Could Chris Spry have developed Zippy the Porcupine (the Sonic the Hedgehog Atari2600 de-make) privately and allowed the obscurity and anonymity shield him from Sega lawyers? Certainly. But wasn’t the public nature of the product something that enriched everyone who learned of its existence, or got to play it?

No marathon runner who runs today is the original messenger from Greek antiquity who ran to the city of Marathon with important news… But we don’t hold that against them, do we? And we who stand streetside observing the spectacle of this event are enriched by it, even though the first Marathon runner is long dead and doesn’t get any royalties from it.

I’ve already touched on these points, above.
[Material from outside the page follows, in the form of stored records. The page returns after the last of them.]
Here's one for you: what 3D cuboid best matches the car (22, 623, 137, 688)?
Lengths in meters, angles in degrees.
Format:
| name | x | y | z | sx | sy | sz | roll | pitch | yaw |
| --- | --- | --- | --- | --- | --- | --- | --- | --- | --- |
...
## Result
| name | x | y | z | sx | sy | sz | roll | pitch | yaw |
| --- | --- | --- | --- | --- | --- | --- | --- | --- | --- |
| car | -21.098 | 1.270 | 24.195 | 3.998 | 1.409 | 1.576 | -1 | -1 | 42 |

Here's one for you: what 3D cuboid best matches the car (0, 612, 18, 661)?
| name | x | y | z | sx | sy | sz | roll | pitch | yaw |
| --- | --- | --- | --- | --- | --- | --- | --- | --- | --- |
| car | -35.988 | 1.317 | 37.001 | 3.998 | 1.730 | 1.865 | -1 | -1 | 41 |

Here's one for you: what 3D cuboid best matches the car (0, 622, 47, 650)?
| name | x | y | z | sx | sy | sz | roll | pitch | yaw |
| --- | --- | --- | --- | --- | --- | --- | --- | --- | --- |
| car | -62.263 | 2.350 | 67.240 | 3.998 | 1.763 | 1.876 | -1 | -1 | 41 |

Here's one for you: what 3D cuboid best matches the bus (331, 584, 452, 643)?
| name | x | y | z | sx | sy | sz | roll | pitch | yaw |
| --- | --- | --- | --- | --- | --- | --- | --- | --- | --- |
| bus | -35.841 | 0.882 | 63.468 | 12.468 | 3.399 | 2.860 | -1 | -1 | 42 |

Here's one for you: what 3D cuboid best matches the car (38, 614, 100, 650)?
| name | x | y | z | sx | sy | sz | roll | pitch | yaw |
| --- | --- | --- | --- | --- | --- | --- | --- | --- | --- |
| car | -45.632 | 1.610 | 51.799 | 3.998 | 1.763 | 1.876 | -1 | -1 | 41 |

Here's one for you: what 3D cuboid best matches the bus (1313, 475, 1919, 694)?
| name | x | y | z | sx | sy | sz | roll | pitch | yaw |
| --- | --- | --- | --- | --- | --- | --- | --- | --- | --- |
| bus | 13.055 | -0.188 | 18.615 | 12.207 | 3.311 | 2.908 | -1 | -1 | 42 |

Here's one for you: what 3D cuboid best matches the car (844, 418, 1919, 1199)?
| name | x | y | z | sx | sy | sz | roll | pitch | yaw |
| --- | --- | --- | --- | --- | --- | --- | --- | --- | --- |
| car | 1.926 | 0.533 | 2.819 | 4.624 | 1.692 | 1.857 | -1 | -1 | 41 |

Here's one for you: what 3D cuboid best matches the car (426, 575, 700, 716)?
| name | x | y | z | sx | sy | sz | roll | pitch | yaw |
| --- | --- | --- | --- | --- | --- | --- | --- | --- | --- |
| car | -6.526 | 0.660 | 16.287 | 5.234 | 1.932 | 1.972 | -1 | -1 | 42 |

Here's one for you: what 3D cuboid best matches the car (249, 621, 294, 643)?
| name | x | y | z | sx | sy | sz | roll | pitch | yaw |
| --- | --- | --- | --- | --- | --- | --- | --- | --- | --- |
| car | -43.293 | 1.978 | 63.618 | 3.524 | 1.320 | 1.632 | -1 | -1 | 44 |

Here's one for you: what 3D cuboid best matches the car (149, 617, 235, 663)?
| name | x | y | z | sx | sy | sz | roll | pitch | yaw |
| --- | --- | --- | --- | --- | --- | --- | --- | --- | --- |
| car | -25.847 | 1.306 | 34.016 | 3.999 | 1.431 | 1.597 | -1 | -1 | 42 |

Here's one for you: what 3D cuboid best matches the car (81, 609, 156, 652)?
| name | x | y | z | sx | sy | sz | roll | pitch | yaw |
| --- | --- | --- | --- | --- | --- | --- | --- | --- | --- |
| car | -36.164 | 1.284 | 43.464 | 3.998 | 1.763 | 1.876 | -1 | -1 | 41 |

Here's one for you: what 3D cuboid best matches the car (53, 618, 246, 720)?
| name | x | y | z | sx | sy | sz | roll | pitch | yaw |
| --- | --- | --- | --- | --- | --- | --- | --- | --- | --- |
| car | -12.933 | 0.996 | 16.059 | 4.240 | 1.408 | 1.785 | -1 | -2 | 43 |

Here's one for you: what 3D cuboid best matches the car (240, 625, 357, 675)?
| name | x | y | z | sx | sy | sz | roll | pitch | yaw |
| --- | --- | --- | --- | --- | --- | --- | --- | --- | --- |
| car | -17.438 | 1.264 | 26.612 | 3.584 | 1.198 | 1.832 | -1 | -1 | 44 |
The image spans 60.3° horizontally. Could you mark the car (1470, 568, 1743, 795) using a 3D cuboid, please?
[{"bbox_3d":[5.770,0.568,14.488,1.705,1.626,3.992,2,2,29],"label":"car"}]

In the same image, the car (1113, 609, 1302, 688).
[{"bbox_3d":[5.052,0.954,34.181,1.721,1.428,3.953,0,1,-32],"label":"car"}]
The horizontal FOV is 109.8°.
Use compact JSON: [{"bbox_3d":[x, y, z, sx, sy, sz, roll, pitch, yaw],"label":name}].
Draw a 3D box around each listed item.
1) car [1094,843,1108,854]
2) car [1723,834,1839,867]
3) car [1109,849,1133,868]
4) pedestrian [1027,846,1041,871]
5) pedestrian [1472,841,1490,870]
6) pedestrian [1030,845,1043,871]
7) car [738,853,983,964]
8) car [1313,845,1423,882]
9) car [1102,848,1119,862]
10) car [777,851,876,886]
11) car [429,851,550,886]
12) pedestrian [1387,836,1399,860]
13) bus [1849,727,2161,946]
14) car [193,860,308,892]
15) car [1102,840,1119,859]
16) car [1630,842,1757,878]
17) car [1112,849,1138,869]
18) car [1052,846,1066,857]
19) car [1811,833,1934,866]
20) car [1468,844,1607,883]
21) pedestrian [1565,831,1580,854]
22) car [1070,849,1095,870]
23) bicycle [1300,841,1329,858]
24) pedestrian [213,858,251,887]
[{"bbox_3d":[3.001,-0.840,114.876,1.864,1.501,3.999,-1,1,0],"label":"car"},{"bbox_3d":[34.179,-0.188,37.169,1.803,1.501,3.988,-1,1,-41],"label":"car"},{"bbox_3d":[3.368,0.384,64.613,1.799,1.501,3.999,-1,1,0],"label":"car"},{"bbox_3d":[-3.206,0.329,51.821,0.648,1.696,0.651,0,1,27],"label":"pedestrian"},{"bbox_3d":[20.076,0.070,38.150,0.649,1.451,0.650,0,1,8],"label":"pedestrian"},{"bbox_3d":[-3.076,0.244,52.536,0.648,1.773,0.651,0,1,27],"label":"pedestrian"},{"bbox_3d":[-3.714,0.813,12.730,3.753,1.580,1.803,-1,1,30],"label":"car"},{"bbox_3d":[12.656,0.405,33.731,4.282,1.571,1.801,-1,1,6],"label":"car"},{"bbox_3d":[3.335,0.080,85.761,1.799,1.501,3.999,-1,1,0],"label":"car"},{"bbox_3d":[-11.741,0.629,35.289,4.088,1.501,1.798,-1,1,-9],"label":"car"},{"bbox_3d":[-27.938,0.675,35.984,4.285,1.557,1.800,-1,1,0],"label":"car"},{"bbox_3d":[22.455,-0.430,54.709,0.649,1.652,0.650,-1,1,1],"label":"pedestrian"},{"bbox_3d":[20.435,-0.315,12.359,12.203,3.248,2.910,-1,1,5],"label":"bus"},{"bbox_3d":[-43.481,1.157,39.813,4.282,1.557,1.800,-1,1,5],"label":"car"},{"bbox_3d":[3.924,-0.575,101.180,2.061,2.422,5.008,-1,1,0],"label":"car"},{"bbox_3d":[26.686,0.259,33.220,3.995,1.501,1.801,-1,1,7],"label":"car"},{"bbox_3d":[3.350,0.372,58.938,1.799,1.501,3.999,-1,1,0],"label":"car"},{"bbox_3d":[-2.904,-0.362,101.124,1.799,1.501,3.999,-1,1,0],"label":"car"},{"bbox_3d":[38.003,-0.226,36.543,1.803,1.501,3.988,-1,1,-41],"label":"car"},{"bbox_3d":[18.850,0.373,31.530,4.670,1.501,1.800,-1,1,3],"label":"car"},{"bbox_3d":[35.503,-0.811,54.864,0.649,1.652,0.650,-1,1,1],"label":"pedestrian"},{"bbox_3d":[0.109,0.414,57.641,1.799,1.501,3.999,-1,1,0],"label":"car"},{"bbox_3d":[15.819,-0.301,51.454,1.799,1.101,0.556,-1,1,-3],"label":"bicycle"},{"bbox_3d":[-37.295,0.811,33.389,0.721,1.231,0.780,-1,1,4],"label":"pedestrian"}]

The “last chance” sale is a kindness to the fans who have kept obsolete video gaming platforms alive for decades after they exited the market. But it’s not free of legal liability, and could in fact expose Atari Age to greater risk due to the attention the sale is getting, the increased awareness of the topic of the homebrew scene and of its intersection with IP law.

It’s a bit arbitrary where the line is to be drawn with respect to what’s a liability that needs to go, and what isn’t. Why isn’t Medieval Mayhem and Space Rocks a part of the sale? Medieval Mayhem was an Atari coin-op game for the arcade, back in the 80s. How is an unauthorized remake of it on the 2600 it not IP-encumbered? Space Rocks is just a really well done port of Asteroids, surely it assumes some non-zero amount of risk as well.

DeCrezenzo is a titan of the homebrew scene, and if he is indeed leaving due to this, it is truly a sad thing. If there was a Hall of Fame for homebrew developers, he’d be a charter member. He’s had a long “career” in the scene, with many, many contributions, so even if he simply retired, he’ll have at least left behind a monumental legacy… of games which sadly will no longer be made due to the legal realities that encumber this hobby.

If there’s a positive thing to be taken away from this, it’s that there are developers who will continue to remain in the scene, and will shift their focus to developing new game ideas. This is exiting.

As much as we like the familiar games we know, that never existed on a home console, or were never done justice in their official home port, there’s still tremendous potential in the system — even 45 years after its release, and 30 years on from its official exit from the primary marketplace.

That’s nothing short of remarkable, and if the new original games that we’re sure to see in the coming years stack up as well as the remakes and ports that we were fortunate to get to experience, the future is as bright as ever for fans, enthusiasts, and collectors of classic gaming consoles.

Long live the Atari 2600. And long live Atari Age!